Thru my years in dance I've made the deepest and most heart felt connections to amazingly talented people. I made appointments with my therapist, a coach who has taken my trainings, with healer friends who offered everything from shamanic ritual to essential oils and meditations. I scheduled private yoga with a gifted teacher and I attended yoga religiously. I kept writing, kept reaching, stayed with it. I took Spanish lessons to get my mind off things and to develop my voice more. I began painting and slowly, ever so slowly I regained some focus and perspective. I started with goals around eating, drinking water, daily meditation, vitamins, yoga and dancing every day. 







One particular yoga class I remember telling my teacher how I felt a panic attack coming on very subtly as I simply lifted my left arm and reached across my body. Somehow in this awareness my heart rate slowed down, and that was the last sign of the attacks. I danced in my backyard going thru the wild mix of emotions that had brewed during the storm of panic... loss, disbelief, loneliness, fear, abandonment, betrayal, anger, rage and more. I allowed them to move my body and I videoed it. I shared it with trusted friends who witnessed. A close dancing friend said, “ bring in more of that anger...try that.” It was good advice, he could see where I repressed it in my body but only spoke about it in my writing. I didn't want sympathy, but I wanted how broken I was to be seen. I wanted to share my healing path.
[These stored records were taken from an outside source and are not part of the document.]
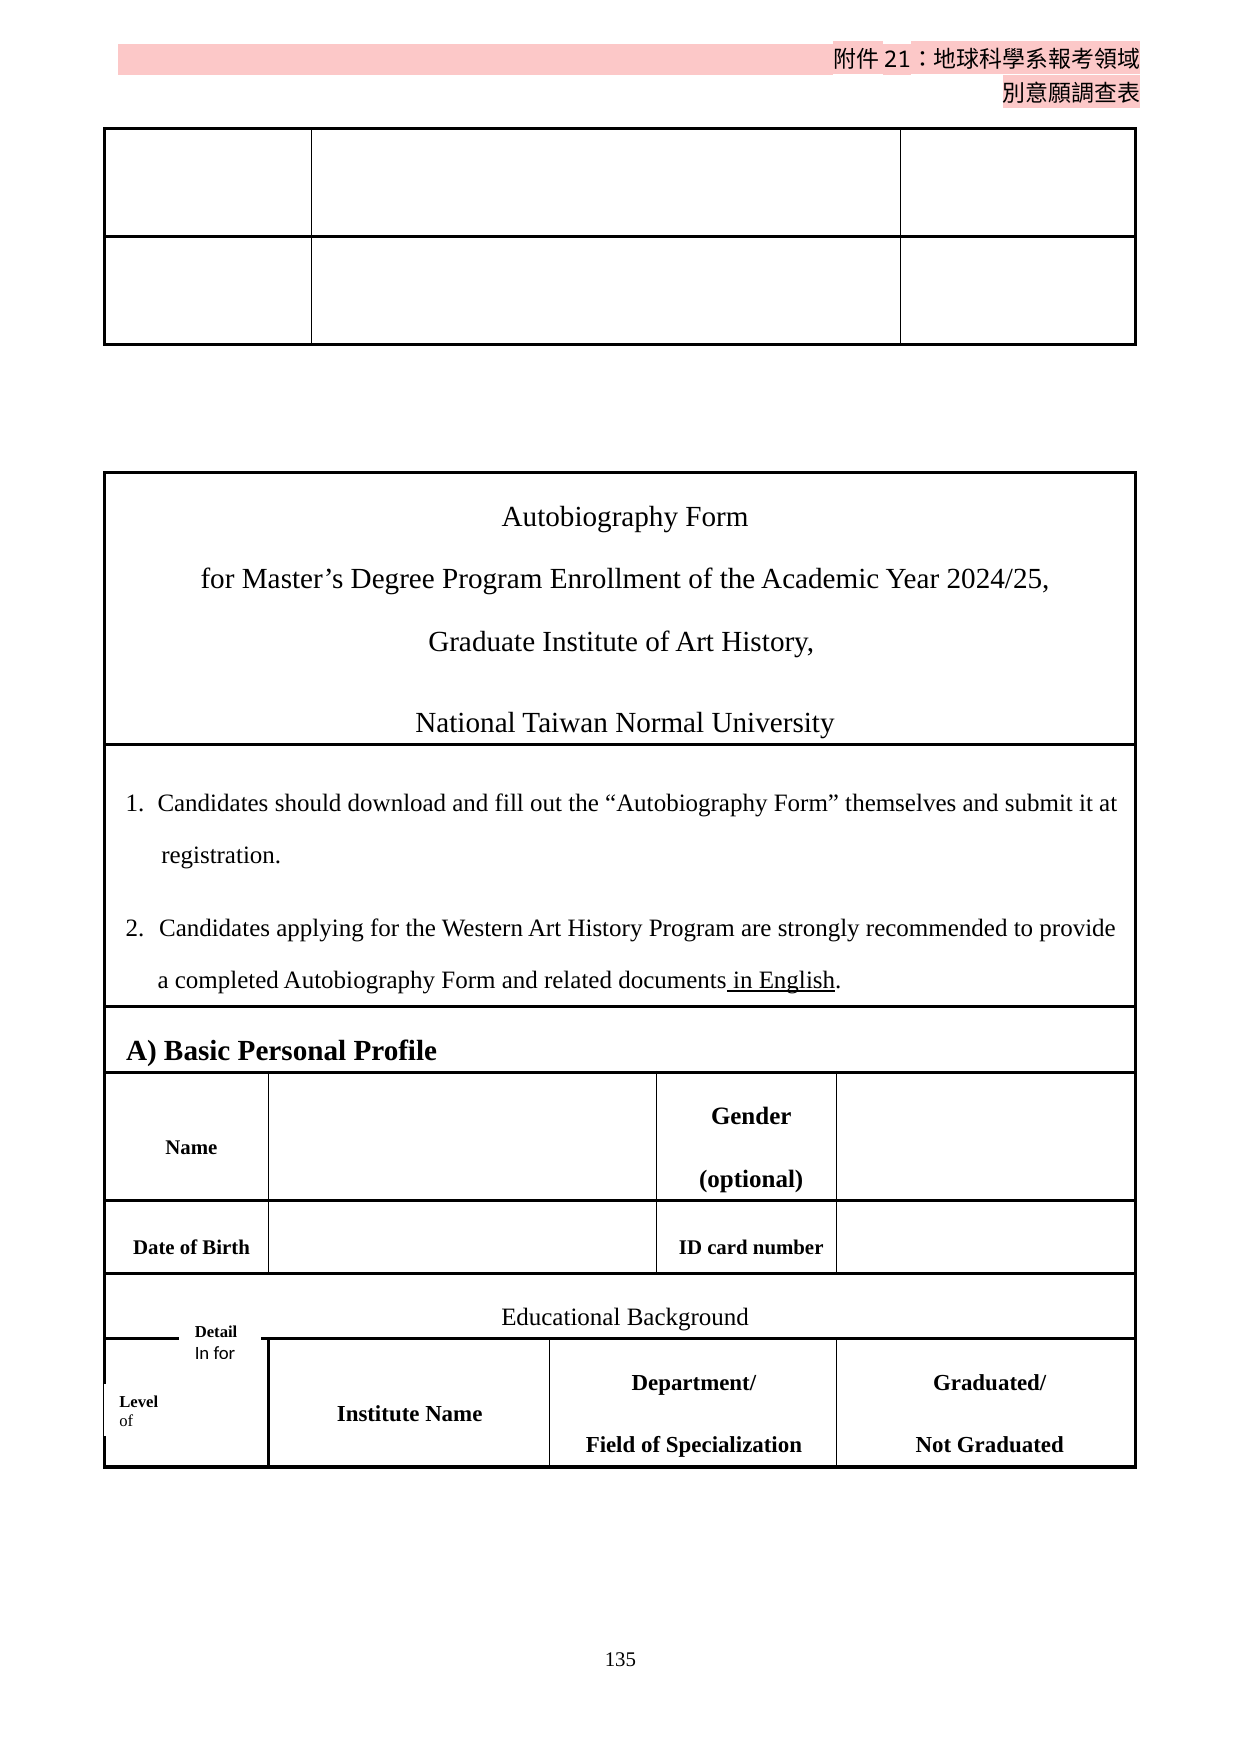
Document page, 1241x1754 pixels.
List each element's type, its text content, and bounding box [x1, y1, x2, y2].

table_header Autobiography Form for Master’s Degree Program Enrollment of the Academic Year 2024/25, Graduate Institute of Art History, National Taiwan Normal University [106, 474, 1134, 743]
table_cell [837, 1202, 1134, 1272]
table_cell Department/ Field of Specialization [550, 1340, 836, 1465]
table_cell [837, 1074, 1134, 1199]
table_cell [312, 130, 900, 235]
table_cell [901, 130, 1134, 235]
table_cell [901, 238, 1134, 343]
table_cell [106, 130, 311, 235]
table_cell Date of Birth [106, 1202, 268, 1272]
table_cell Educational Background [106, 1275, 1134, 1366]
table_cell ID card number [657, 1202, 836, 1272]
table_cell [269, 1202, 656, 1272]
table_cell Institute Name [270, 1340, 549, 1465]
table_cell [312, 238, 900, 343]
table_cell Candidates should download and fill out the “Autobiography Form” themselves and submit it at registration. Candidates applying for the Western Art History Program are strongly recommended to provide a completed Autobiography Form and related documents in English. [106, 746, 1134, 1005]
table_cell [104, 1340, 267, 1465]
table_cell Name [106, 1074, 268, 1199]
table_cell [269, 1074, 656, 1199]
table_cell Gender (optional) [657, 1074, 836, 1199]
table_cell Graduated/ Not Graduated [837, 1340, 1134, 1465]
table_cell A) Basic Personal Profile [106, 1008, 1134, 1071]
table_cell [106, 238, 311, 343]
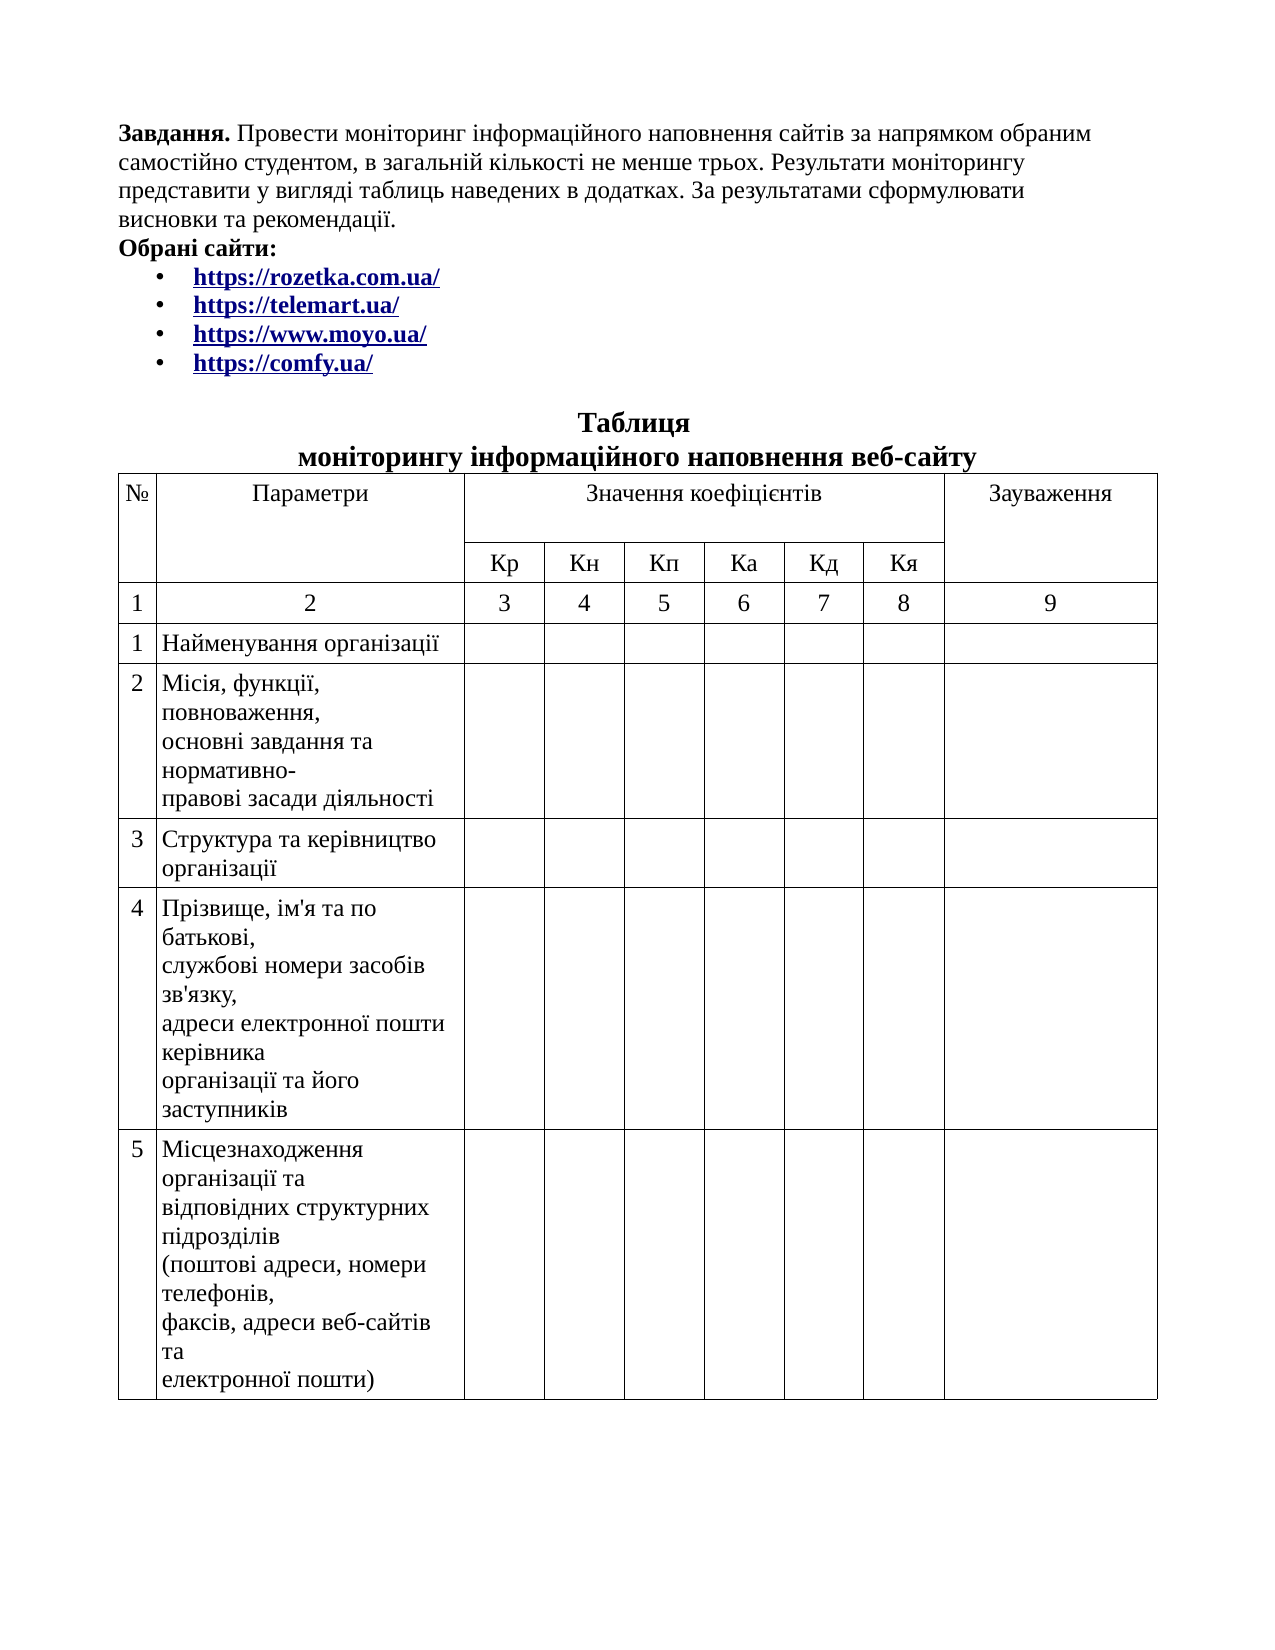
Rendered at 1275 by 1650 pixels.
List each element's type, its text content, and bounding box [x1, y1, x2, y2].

Something inside me guided me to go thru it, not avoid it. To be real, authentic and that included the extreme vulnerability of being seen this way. I knew in some way it'd make me able to help others better - once I was better.







Each day I felt a little more whole though I wondered if I would smile again as even the muscles of my face had changed. It took effort to smile and I could not pretend something I wasn't feeling. I cut my long blonde hair to a short boy cut and dyed it red. I wanted to be changed from it all, an energetic clearing on every level. As I look back now, I realize the many gifts and wisdom I received from “dancing with” what I was experiencing versus pushing it down, ignoring, or toughing it out and not letting the feelings move. I was able to heal some very old patterns that were lurking under the surface in how I related to people, how I showed up in relationship, and in how I attracted and picked the people I allowed into my life and heart.
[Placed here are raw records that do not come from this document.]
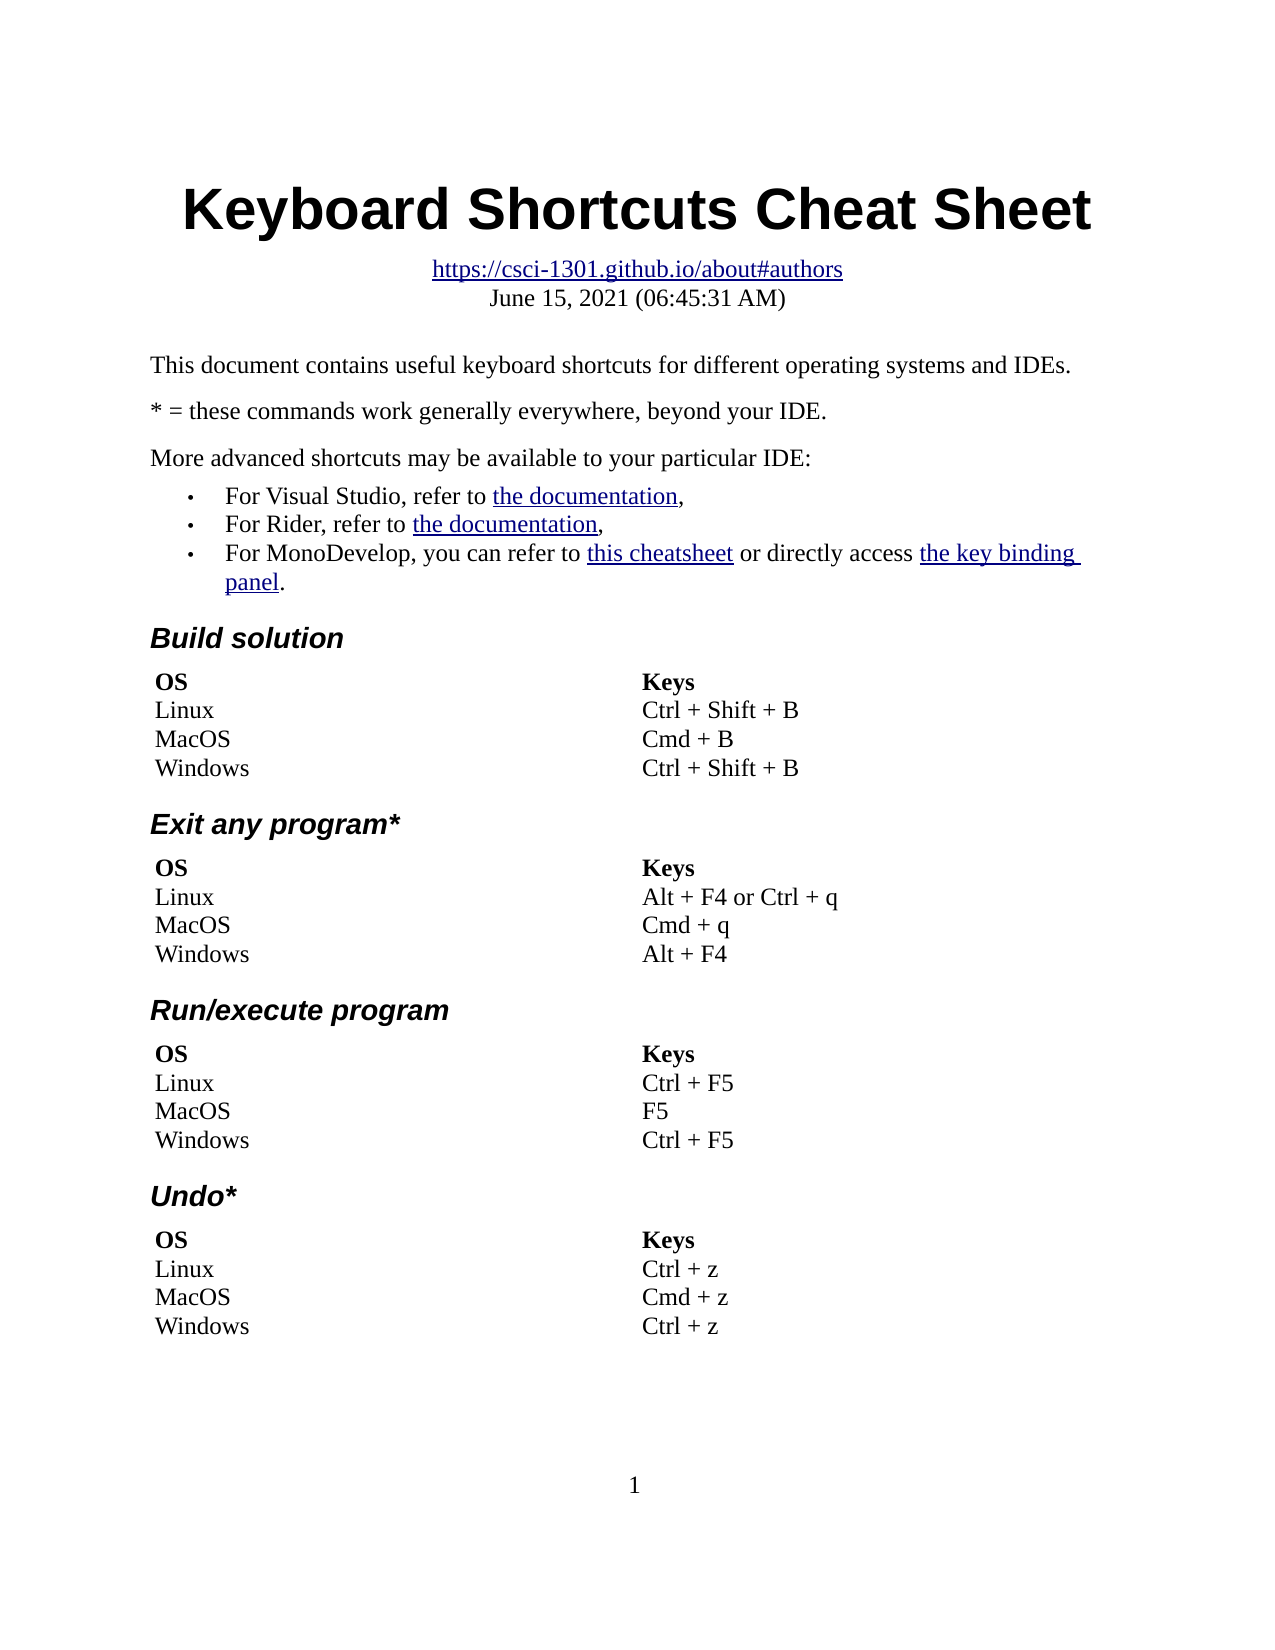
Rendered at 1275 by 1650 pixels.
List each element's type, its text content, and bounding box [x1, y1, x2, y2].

title Keyboard Shortcuts Cheat Sheet [150, 175, 1125, 242]
list For MonoDevelop, you can refer to this cheatsheet or directly access the key binding panel. [187, 538, 1125, 596]
table_cell MacOS [150, 1283, 637, 1311]
table_cell Cmd + q [638, 910, 1125, 939]
table_header Keys [638, 1225, 1125, 1254]
table_cell MacOS [150, 910, 637, 939]
list For Visual Studio, refer to the documentation, [187, 481, 1125, 509]
table_cell Linux [150, 1254, 637, 1282]
table_cell Ctrl + z [638, 1254, 1125, 1282]
subtitle Run/execute program [150, 993, 1125, 1026]
subtitle Build solution [150, 621, 1125, 654]
table_header OS [150, 1039, 637, 1068]
text June 15, 2021 (06:45:31 AM) [150, 283, 1125, 312]
table_cell Linux [150, 1068, 637, 1096]
text https://csci-1301.github.io/about#authors [150, 254, 1125, 283]
table_header Keys [638, 667, 1125, 696]
table_cell Alt + F4 or Ctrl + q [638, 882, 1125, 910]
text More advanced shortcuts may be available to your particular IDE: [150, 443, 1125, 472]
table_cell Ctrl + z [638, 1311, 1125, 1340]
subtitle Exit any program* [150, 807, 1125, 840]
subtitle Undo* [150, 1179, 1125, 1212]
table_cell Ctrl + F5 [638, 1068, 1125, 1096]
text * = these commands work generally everywhere, beyond your IDE. [150, 396, 1125, 425]
table_cell Windows [150, 753, 637, 782]
table_header Keys [638, 853, 1125, 882]
table_cell MacOS [150, 724, 637, 753]
table_cell Cmd + z [638, 1283, 1125, 1311]
table_cell Linux [150, 696, 637, 724]
table_header Keys [638, 1039, 1125, 1068]
table_cell Ctrl + F5 [638, 1125, 1125, 1154]
table_cell Cmd + B [638, 724, 1125, 753]
table_cell Ctrl + Shift + B [638, 753, 1125, 782]
list For Rider, refer to the documentation, [187, 509, 1125, 538]
table_header OS [150, 667, 637, 696]
table_header OS [150, 853, 637, 882]
table_cell MacOS [150, 1096, 637, 1125]
table_cell Alt + F4 [638, 939, 1125, 968]
table_cell Windows [150, 1125, 637, 1154]
table_cell Windows [150, 1311, 637, 1340]
table_cell F5 [638, 1096, 1125, 1125]
text This document contains useful keyboard shortcuts for different operating systems and IDEs. [150, 350, 1125, 378]
table_header OS [150, 1225, 637, 1254]
table_cell Windows [150, 939, 637, 968]
table_cell Linux [150, 882, 637, 910]
table_cell Ctrl + Shift + B [638, 696, 1125, 724]

I am louder, stronger, more direct and still have that angry inner teenager as my backup who has taught me that saying “f*** off” is sometimes the most brave, heartfelt truth and clearest expression of a feeling. It's also a great and sometimes needed boundary of saying “yes” to self-love and “no” to anything that feels other. I've learned how to love and be gentle authentically. 


"Life as a dance" is a philosophy I teach Kai teachers-in-training. It's a practice of looking at the cycles, stages, and events that life offers and finding a way to dance with it all. To engage with life and view it all as one big spiral that we can harmonize and dance with rather than avoid. On the dance floor it's a practice of inviting the body's impulses, emotions, dreams and thoughts. We allow it to have it's expression and movement, witnessing from a place of non-judgment. It's a meditation of noticing what the body gravitates too and letting it unfold. 








Most often when we dance we “think” our way into steps, patterns, and trying to find the “socially acceptable” way of moving. Other times the patterns are so encoded within us we just move like we do in life with armor and robotic movements. "Life as a dance" is more conscious and allows one to soften into what is happening, looking at your dance as a microcosm of what is happening outside the dance room in life. In this dance room I can explore and peel off the layers of training, fear, pain, or disconnect, revealing a vulnerable yet strong core that feels so good, strangely ancient, and yet is new.... new, fierce, creative, and edgy. It's in this dance room that I get to change and grow. 






Witnessed by community with love and awareness, I found my new feet and now stand in a deeper, wider space of self than I did before. I'm more open and available and present. This is dance medicine at it's best and I am so grateful.